Exporting a GenMAPP Gene Database (.gdb)

  • I selected File > Export to GenMAPP Gene Database... to begin the export process.
  • I typed my name in the owner field (Brandon Klein).
  • I selected "Bordetella pertussis (strain Tohama I/ATCC BAA-589/NCTC 13251), Taxon ID 257313" as the gene database species and then clicked Next.
  • The database was saved as bpertussis-std_cw20151203.
  • I checked the boxes for exporting all Molecular Function, Cellular Component, and Biological Process Gene Ontology Terms.
  • Finally, I clicked the "Next" button to begin the export process.

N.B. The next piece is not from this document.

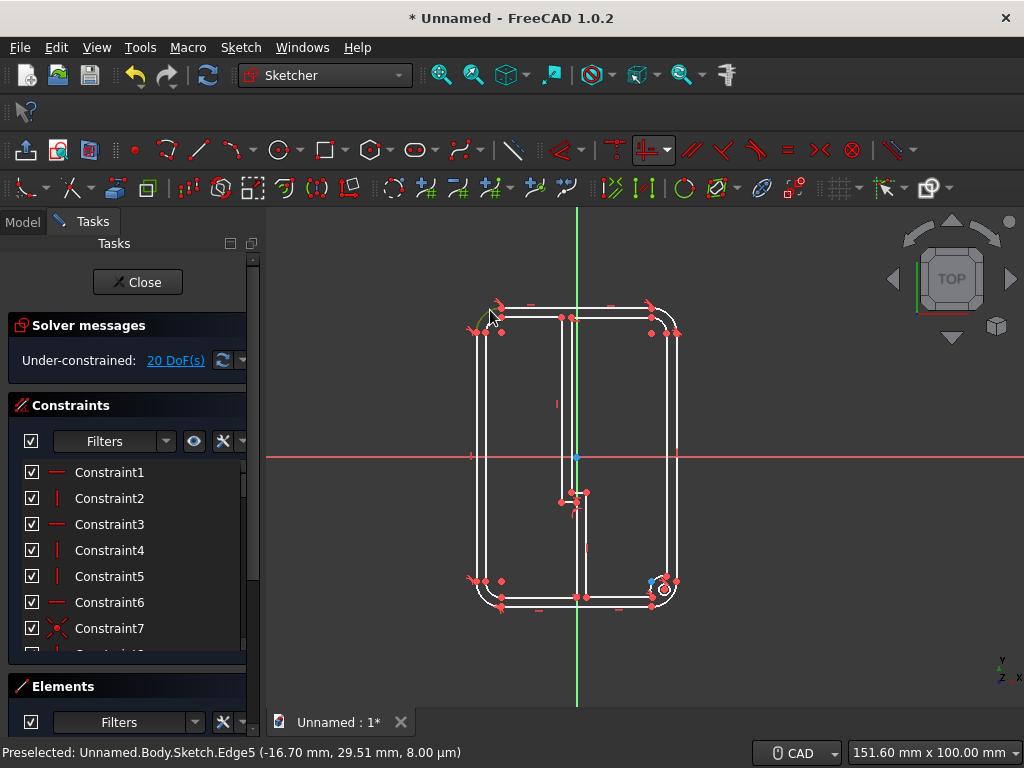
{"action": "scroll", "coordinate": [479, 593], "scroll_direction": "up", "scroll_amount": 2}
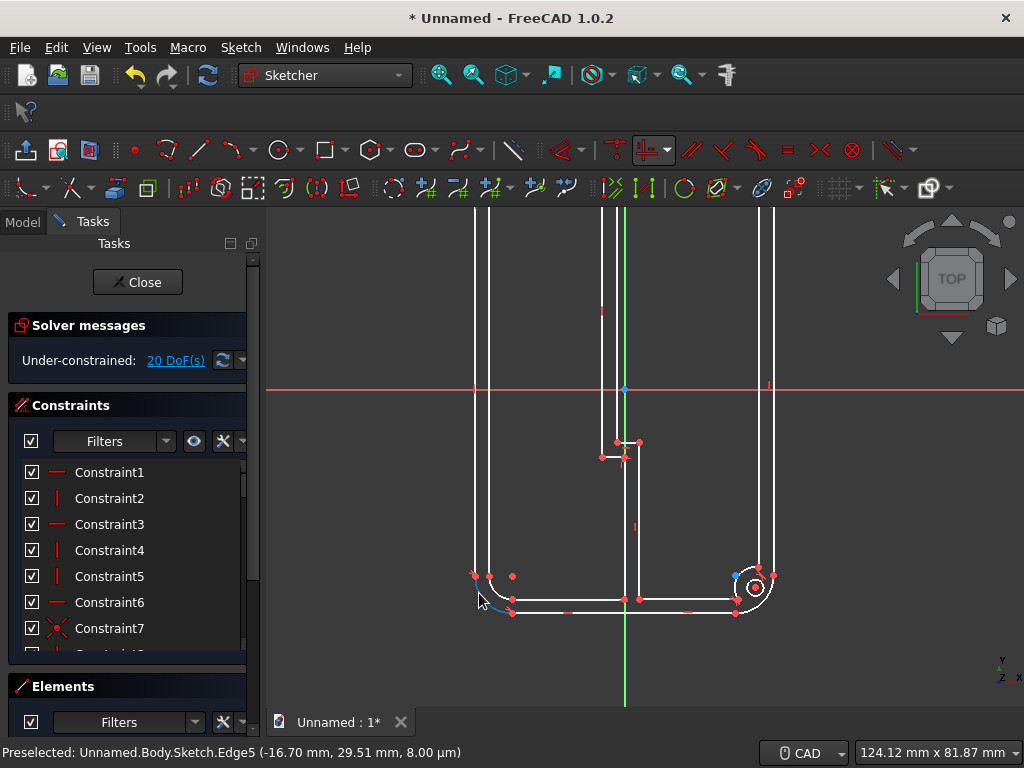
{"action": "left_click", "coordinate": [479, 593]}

Gene Database Testing Report

Export Information

Version of GenMAPP Builder: Version 3.0.0 Build 5 - cw20151203

Computer on which export was run: Seaver 120- Last computer on the right in the row farthest from the front of the room

Postgres Database name: bpertussis_cw20151201_gmb3build5

UniProt XML filename: File:Uniprot-proteome-UP000002676 cw20151201.zip

GO OBO-XML filename: File:Go daily-termdb cw20151201.zip

  • GO OBO-XML version (The version information was found in the file properties): Last Modified- ‎‎December ‎01, ‎2015, ‏‎2:21:31 AM
  • GO OBO-XML download link: Gene Ontology legacy download page
  • Time taken to import: 7.08 minutes
  • Time taken to process: 4.42 minutes
    • Note: The import and processing times were similar to those for the previous "Bordetella pertussis" gene database: bpertussis-std_cw20151119.gdb (6.99 minutes and 4.48 minutes respectively). No interruptions occurred during these processes.

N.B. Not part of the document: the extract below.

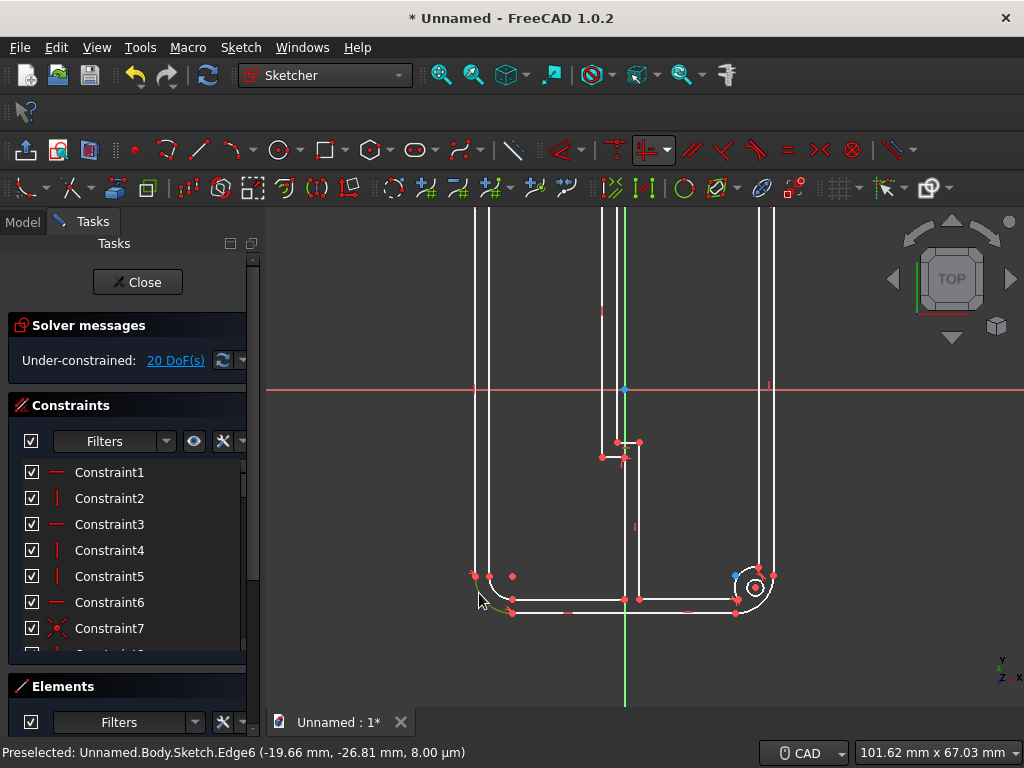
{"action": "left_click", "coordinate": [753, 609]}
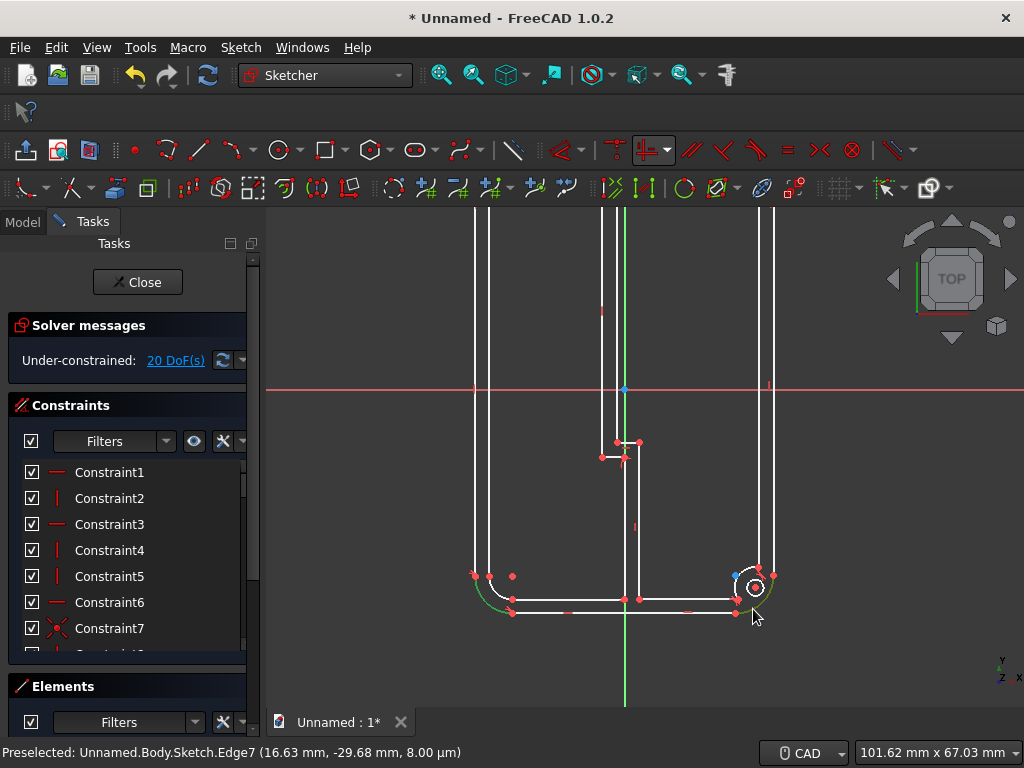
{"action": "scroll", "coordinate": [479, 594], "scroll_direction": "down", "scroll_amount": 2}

GOA filename: File:145.B pertussis ATCC BAA-589 cw20151201.zip

  • GOA version (found in the Last modified field on the FTP site): Last Modified- 11/10/15 1:39:00 PM
  • GOA download link: for Bordetella pertussis strain Tohama I
  • Time taken to import: 0.04 minutes
    • Note: The import time was equal to that of the previous "Bordetella pertussis" gene database: bpertussis-std_cw20151119.gdb. No interruptions occurred during this process.

Name of .gdb file: File:Bpertussis-std cw20151203.zip

  • Time taken to export:
    • Start time: 4:02 PM
    • End time: 4:56 PM
    • Elapsed time: 54 minutes

Note: No interruptions occurred during the export process.